Translating this into bAdkOde is not as straightforward, but it’s not that difficult either. I removed the first line, and the last two lines from qhex.txt and then used a oneliner:

vivin@dauntless ~/Projects/code/perl/bAdkOde
$ cat qhex.txt | perl -e 'chomp($a=<STDIN>); map { print ">" . hex($_) . "[a+1a"; } \
   split(",", $a);' > qdec.txt

You end up with this snippet of bAdkOde:

>62[a+1a>48[a+1a>97[a+1a>10[a+1a>34[a+1a>54[a+1a>50[a+1a>34[a+1a>52[a+1a>56[a+1a>34[a+1a>57[a+1a>55[a+1a>34[a+1a>49[a+1a>48[a+1a>10[a+1a>123[a+1a>33[a+1a>91[a+1a>97[a+1a>10[a+1a>32[a+1a>34[a+1a>54[a+1a>50[a+
1a>39[a+1a>91[a+1a>97[a+1a>34[a+1a>57[a+1a>49[a+1a>34[a+1a>57[a+1a>55[a+1a>34[a+1a>52[a+1a>51[a+1a>34[a+1a>52[a+1a>57[a+1a>34[a+1a>57[a+1a>55[a+1a>10[a+1a>32[a+1a>43[a+1a>49[a+1a>97[a+1a>10[a+1a>125[a+1a>10[
a+1a>34[a+1a>49[a+1a>48[a+1a>10[a+1a>62[a+1a>48[a+1a>97[a+1a>10[a+1a>123[a+1a>33[a+1a>91[a+1a>97[a+1a>10[a+1a>32[a+1a>34[a+1a>91[a+1a>97[a+1a>10[a+1a>32[a+1a>43[a+1a>49[a+1a>97[a+1a>10[a+1a>125[a+1a>10[a+1a

Now all you need to do is copy this snippet into quine.bad (with one minor change) to get a bAdkOde quine:

>0a
>62[a+1a>48[a+1a>97[a+1a>10[a+1a>34[a+1a>54[a+1a>50[a+1a>34[a+1a>52[a+1a>56[a+1a>34[a+1a>57[a+1a>55[a+1a>34[a+1a>49[a+1a>48[a+1a>10[a+1a>123[a+1a>33[a+1a>91[a+1a>97[a+1a>10[a+1a>32[a+1a>34[a+1a>54[a+1a>50[a+
1a>39[a+1a>91[a+1a>97[a+1a>34[a+1a>57[a+1a>49[a+1a>34[a+1a>57[a+1a>55[a+1a>34[a+1a>52[a+1a>51[a+1a>34[a+1a>52[a+1a>57[a+1a>34[a+1a>57[a+1a>55[a+1a>10[a+1a>32[a+1a>43[a+1a>49[a+1a>97[a+1a>10[a+1a>125[a+1a>10[
a+1a>34[a+1a>49[a+1a>48[a+1a>10[a+1a>62[a+1a>48[a+1a>97[a+1a>10[a+1a>123[a+1a>33[a+1a>91[a+1a>97[a+1a>10[a+1a>32[a+1a>34[a+1a>91[a+1a>97[a+1a>10[a+1a>32[a+1a>43[a+1a>49[a+1a>97[a+1a>10[a+1a>125[a+1a>10[a+1a
>0a
"62"48"97"10
{![a
 "62'[a"91"97"43"49"97
 +1a
}
"10
>0a
{![a
 "[a
 +1a
}

The small change I had to make, was to add >0a at the beginning.
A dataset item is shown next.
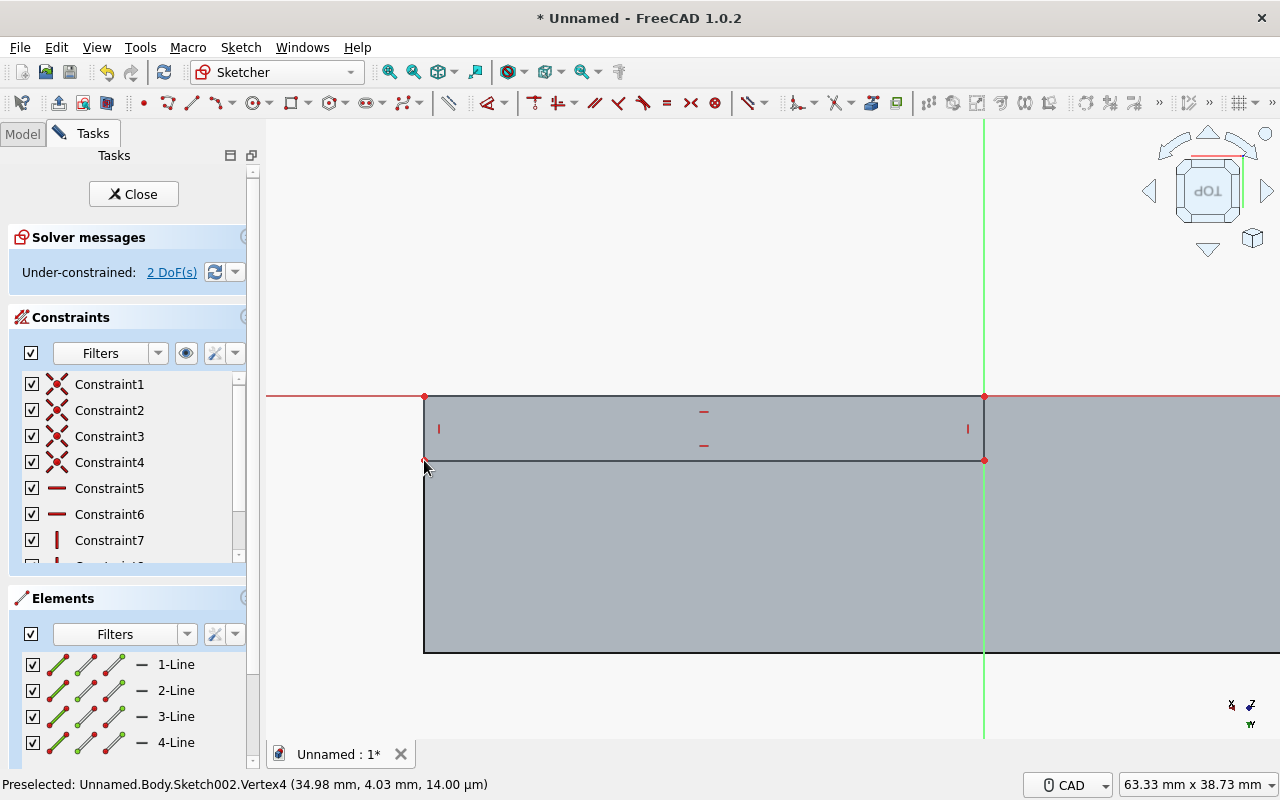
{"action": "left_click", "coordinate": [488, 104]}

If you run this bAdkOde program, it will print its source code as output. So there you have it. A bAdkOde quine, which proves that bAdkOde is Turing Complete. I have to thank Dave Cope for his quine tutorial, without which it would have been extremely difficult for me to write a bAdkOde quine!

Update (12/26/2009)

Dave mentioned that writing a quine only suggests that a language is Turing Complete, but not that it is. He suggested that I write an interpreter for Brainfuck which would then prove that bAdkOde is Turing Complete. That was actually my next project!

Update (12/26/2009)

I’ve been able to provide a direct translation of Brainfuck into bAdkOde, which proves the Turing Completeness of bAdkOde.